_Your goal_.
Beginning with the line containing "Try fitting a 3D cuboid to the coffee can." and going on through the line containing "Answer in this", the lines below are to be returned exactly, pictures excluded and nothing added.

(Extracted records Opens)

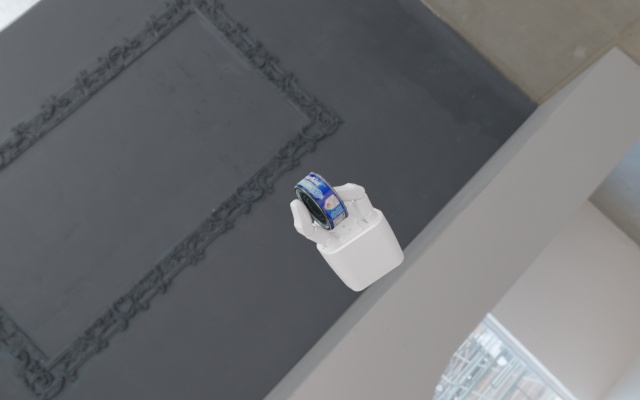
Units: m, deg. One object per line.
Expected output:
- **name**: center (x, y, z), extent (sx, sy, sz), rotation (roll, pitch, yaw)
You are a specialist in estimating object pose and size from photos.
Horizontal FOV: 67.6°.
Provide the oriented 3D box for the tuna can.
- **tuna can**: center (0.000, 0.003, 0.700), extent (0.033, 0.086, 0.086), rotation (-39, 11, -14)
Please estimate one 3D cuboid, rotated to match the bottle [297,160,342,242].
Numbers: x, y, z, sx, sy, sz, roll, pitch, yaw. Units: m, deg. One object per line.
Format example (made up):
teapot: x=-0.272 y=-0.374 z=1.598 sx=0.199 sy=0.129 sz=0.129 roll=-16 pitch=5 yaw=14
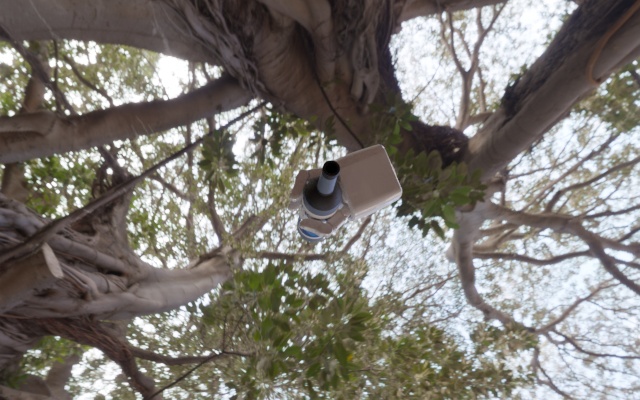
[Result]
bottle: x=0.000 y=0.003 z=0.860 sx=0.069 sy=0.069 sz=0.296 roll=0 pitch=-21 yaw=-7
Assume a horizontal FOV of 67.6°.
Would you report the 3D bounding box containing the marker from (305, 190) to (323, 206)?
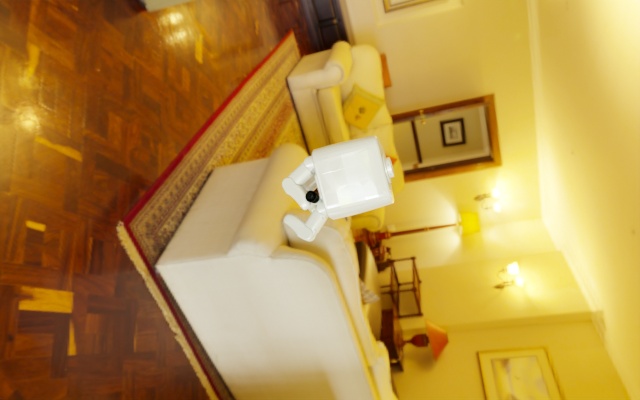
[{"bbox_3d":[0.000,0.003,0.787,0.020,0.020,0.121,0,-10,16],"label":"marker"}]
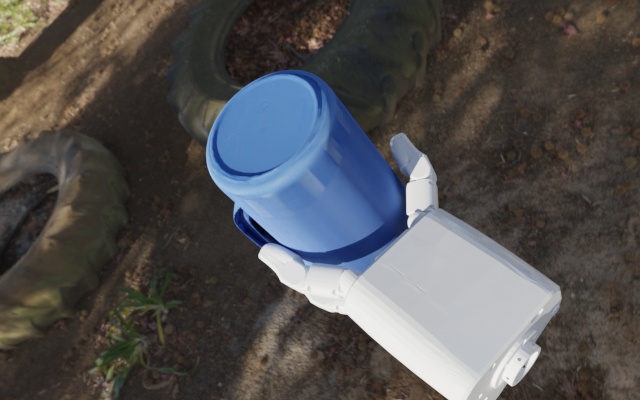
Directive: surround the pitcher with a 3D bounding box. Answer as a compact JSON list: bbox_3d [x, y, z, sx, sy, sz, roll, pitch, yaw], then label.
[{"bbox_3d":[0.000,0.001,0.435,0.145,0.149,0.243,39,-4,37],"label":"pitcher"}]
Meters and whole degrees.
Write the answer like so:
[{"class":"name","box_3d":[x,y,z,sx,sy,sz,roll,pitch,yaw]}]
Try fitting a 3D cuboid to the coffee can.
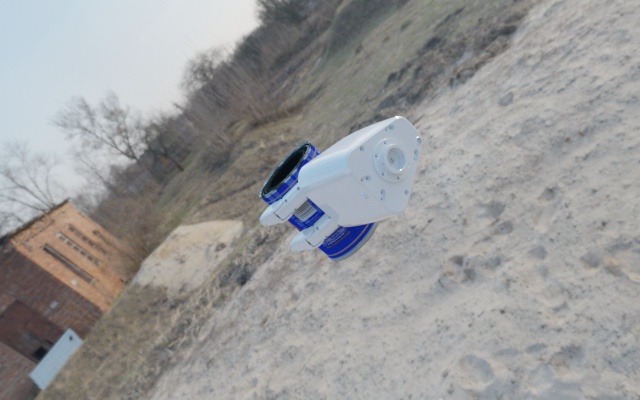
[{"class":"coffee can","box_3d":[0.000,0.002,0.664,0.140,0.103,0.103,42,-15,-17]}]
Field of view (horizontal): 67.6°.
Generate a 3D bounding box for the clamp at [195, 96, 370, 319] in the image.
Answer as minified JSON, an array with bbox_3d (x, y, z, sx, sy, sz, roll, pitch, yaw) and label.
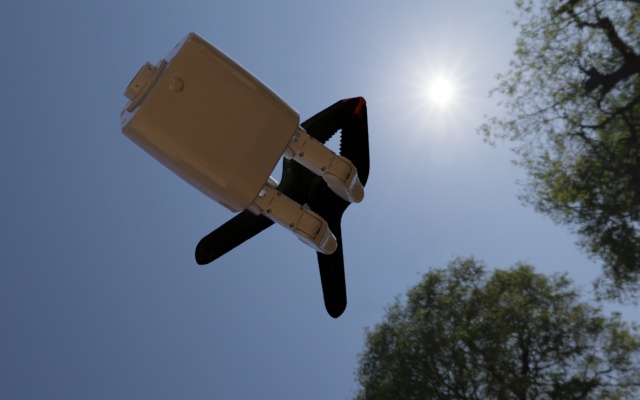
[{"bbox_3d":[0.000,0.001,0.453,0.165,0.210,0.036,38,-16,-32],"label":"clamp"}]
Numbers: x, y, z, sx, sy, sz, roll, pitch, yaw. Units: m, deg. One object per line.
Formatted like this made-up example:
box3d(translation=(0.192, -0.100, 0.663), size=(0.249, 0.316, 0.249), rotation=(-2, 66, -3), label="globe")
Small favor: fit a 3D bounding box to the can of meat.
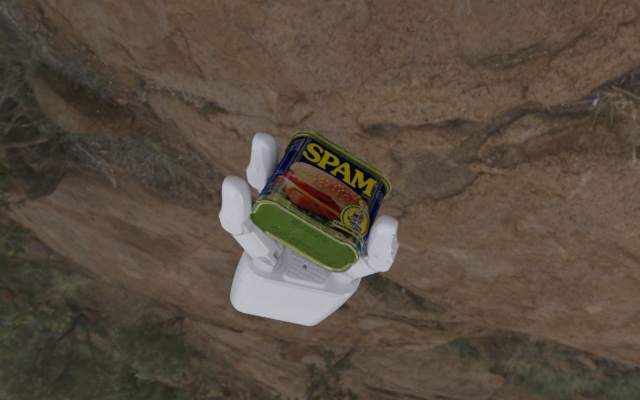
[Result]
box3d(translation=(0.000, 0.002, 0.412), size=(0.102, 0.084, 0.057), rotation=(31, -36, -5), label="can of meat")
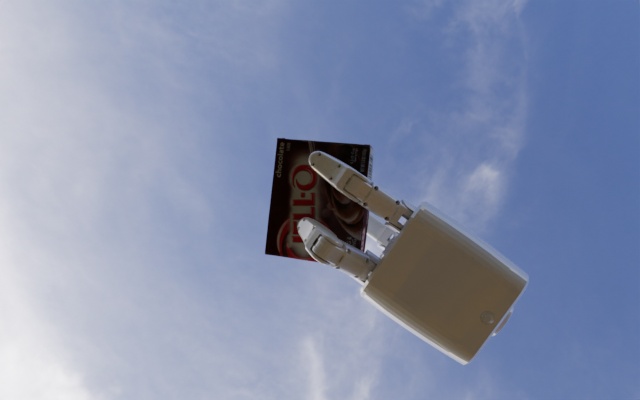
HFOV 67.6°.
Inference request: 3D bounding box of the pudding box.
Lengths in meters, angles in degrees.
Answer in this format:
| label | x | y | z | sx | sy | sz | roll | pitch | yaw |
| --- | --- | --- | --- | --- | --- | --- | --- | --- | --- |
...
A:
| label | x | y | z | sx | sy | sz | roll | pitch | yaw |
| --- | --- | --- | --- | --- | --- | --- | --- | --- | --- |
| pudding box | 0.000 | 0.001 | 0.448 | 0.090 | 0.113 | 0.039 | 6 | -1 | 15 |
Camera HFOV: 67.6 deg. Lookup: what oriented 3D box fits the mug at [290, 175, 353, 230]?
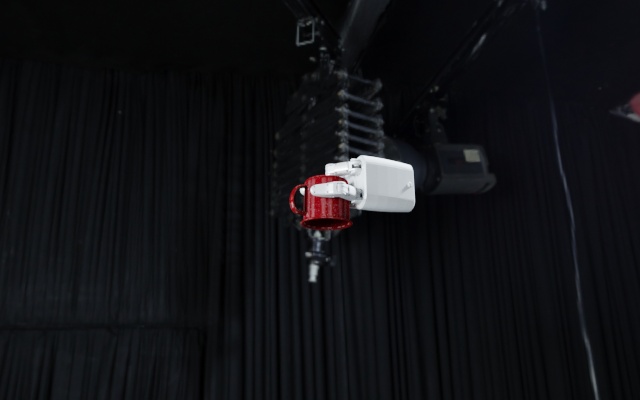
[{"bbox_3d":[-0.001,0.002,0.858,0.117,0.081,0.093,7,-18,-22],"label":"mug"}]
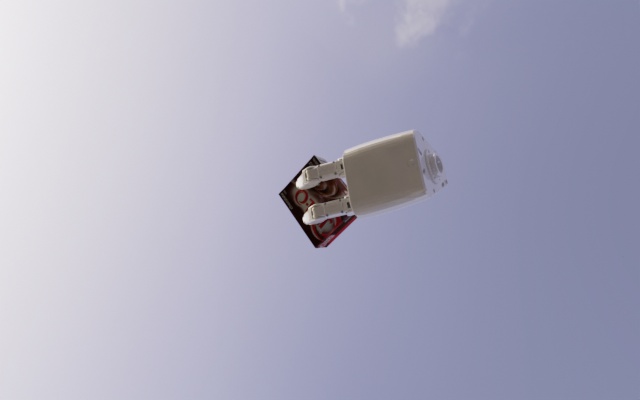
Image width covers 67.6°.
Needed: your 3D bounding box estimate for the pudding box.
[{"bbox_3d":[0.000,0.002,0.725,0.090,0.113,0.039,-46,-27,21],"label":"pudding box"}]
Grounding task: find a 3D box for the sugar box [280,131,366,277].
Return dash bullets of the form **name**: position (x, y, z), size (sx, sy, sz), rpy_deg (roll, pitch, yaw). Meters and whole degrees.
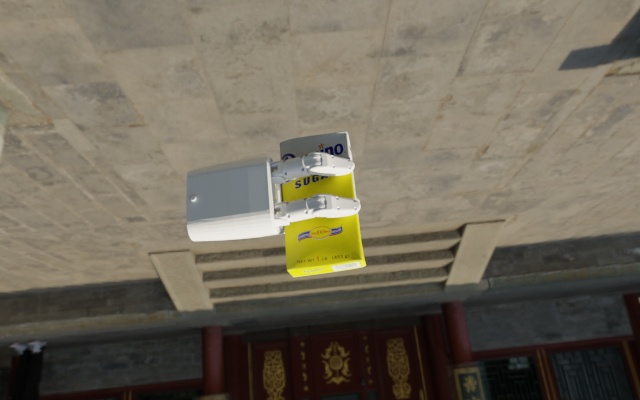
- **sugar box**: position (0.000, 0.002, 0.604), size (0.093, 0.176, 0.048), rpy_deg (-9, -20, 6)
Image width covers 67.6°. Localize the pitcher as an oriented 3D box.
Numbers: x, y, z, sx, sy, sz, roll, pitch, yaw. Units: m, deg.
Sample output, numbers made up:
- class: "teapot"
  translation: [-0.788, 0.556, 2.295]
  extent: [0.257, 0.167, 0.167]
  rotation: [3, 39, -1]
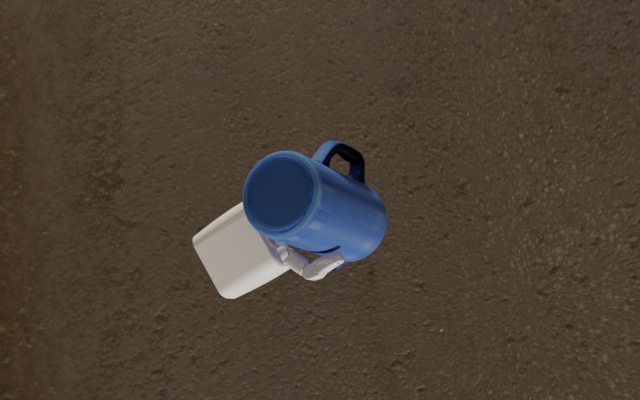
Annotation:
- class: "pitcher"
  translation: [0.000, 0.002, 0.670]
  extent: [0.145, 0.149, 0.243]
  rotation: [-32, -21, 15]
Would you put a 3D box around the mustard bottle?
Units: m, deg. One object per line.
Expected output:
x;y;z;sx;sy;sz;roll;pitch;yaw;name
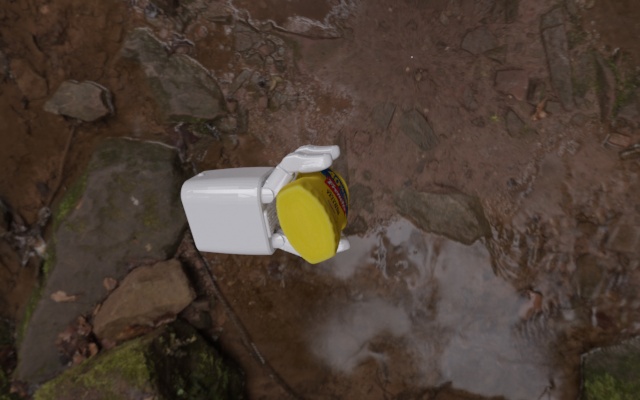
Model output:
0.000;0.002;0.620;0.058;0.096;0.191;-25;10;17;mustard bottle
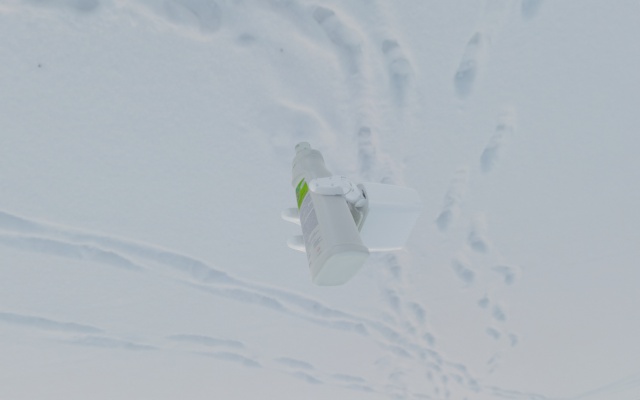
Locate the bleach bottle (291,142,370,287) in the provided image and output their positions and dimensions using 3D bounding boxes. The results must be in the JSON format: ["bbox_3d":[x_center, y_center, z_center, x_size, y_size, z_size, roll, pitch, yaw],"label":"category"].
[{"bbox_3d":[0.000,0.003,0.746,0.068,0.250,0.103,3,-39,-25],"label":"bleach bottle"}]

(Extracted records Closes)

_Response box_.
Try fitting a 3D cuboid to the coffee can.
[{"class":"coffee can","box_3d":[0.000,0.002,0.664,0.140,0.103,0.103,42,-15,-17]}]
Field of view (horizontal): 67.6°.
Generate a 3D bounding box for the clamp at [195, 96, 370, 319] in the image.
Answer as minified JSON, an array with bbox_3d (x, y, z, sx, sy, sz, roll, pitch, yaw) and label.
[{"bbox_3d":[0.000,0.001,0.453,0.165,0.210,0.036,38,-16,-32],"label":"clamp"}]
Numbers: x, y, z, sx, sy, sz, roll, pitch, yaw. Units: m, deg. One object per line.
Formatted like this made-up example:
box3d(translation=(0.192, -0.100, 0.663), size=(0.249, 0.316, 0.249), rotation=(-2, 66, -3), label="globe")
Small favor: fit a 3D bounding box to the can of meat.
[Result]
box3d(translation=(0.000, 0.002, 0.412), size=(0.102, 0.084, 0.057), rotation=(31, -36, -5), label="can of meat")
HFOV 67.6°.
Inference request: 3D bounding box of the pudding box.
Lengths in meters, angles in degrees.
Answer in this format:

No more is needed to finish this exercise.